Source records:
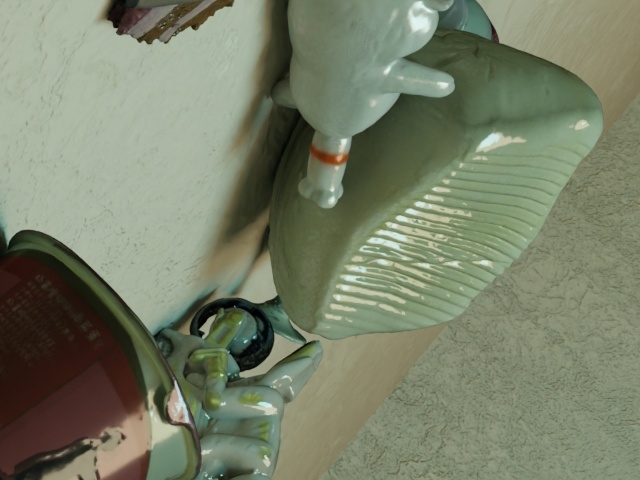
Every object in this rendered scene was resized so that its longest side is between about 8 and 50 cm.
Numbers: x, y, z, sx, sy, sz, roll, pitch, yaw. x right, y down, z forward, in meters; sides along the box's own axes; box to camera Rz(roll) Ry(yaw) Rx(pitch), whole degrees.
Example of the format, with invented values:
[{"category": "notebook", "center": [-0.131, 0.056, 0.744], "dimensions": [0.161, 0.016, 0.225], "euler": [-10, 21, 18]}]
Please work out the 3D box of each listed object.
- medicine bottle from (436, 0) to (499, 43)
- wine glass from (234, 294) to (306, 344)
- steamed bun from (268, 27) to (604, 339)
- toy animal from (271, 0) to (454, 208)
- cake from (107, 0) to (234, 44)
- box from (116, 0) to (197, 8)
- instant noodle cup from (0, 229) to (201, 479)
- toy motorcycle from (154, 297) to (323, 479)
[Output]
[{"category": "medicine bottle", "center": [0.146, -0.236, 1.746], "dimensions": [0.090, 0.090, 0.216], "euler": [-55, 166, 4]}, {"category": "wine glass", "center": [0.000, 0.000, 1.815], "dimensions": [0.231, 0.103, 0.103], "euler": [-57, 167, 5]}, {"category": "steamed bun", "center": [0.092, -0.083, 1.618], "dimensions": [0.247, 0.236, 0.383], "euler": [-4, 145, -34]}, {"category": "toy animal", "center": [0.035, -0.166, 1.425], "dimensions": [0.138, 0.141, 0.282], "euler": [-16, 146, -16]}, {"category": "cake", "center": [-0.046, -0.255, 1.097], "dimensions": [0.295, 0.113, 0.116], "euler": [-46, 165, 22]}, {"category": "box", "center": [-0.010, -0.255, 0.854], "dimensions": [0.252, 0.153, 0.188], "euler": [-14, 149, -28]}, {"category": "instant noodle cup", "center": [-0.227, 0.132, 1.150], "dimensions": [0.178, 0.235, 0.235], "euler": [-35, 160, -26]}, {"category": "toy motorcycle", "center": [-0.124, 0.199, 1.648], "dimensions": [0.341, 0.223, 0.108], "euler": [-46, 160, -37]}]

* Assigned task
Reproduce all lines above exactly. Leave the images out.

* Expected output
Every object in this rendered scene was resized so that its longest side is between about 8 and 50 cm.
Numbers: x, y, z, sx, sy, sz, roll, pitch, yaw. x right, y down, z forward, in meters; sides along the box's own axes; box to camera Rz(roll) Ry(yaw) Rx(pitch), whole degrees.
Example of the format, with invented values:
[{"category": "notebook", "center": [-0.131, 0.056, 0.744], "dimensions": [0.161, 0.016, 0.225], "euler": [-10, 21, 18]}]
Please work out the 3D box of each listed object.
- medicine bottle from (436, 0) to (499, 43)
- wine glass from (234, 294) to (306, 344)
- steamed bun from (268, 27) to (604, 339)
- toy animal from (271, 0) to (454, 208)
- cake from (107, 0) to (234, 44)
- box from (116, 0) to (197, 8)
- instant noodle cup from (0, 229) to (201, 479)
- toy motorcycle from (154, 297) to (323, 479)
[Output]
[{"category": "medicine bottle", "center": [0.146, -0.236, 1.746], "dimensions": [0.090, 0.090, 0.216], "euler": [-55, 166, 4]}, {"category": "wine glass", "center": [0.000, 0.000, 1.815], "dimensions": [0.231, 0.103, 0.103], "euler": [-57, 167, 5]}, {"category": "steamed bun", "center": [0.092, -0.083, 1.618], "dimensions": [0.247, 0.236, 0.383], "euler": [-4, 145, -34]}, {"category": "toy animal", "center": [0.035, -0.166, 1.425], "dimensions": [0.138, 0.141, 0.282], "euler": [-16, 146, -16]}, {"category": "cake", "center": [-0.046, -0.255, 1.097], "dimensions": [0.295, 0.113, 0.116], "euler": [-46, 165, 22]}, {"category": "box", "center": [-0.010, -0.255, 0.854], "dimensions": [0.252, 0.153, 0.188], "euler": [-14, 149, -28]}, {"category": "instant noodle cup", "center": [-0.227, 0.132, 1.150], "dimensions": [0.178, 0.235, 0.235], "euler": [-35, 160, -26]}, {"category": "toy motorcycle", "center": [-0.124, 0.199, 1.648], "dimensions": [0.341, 0.223, 0.108], "euler": [-46, 160, -37]}]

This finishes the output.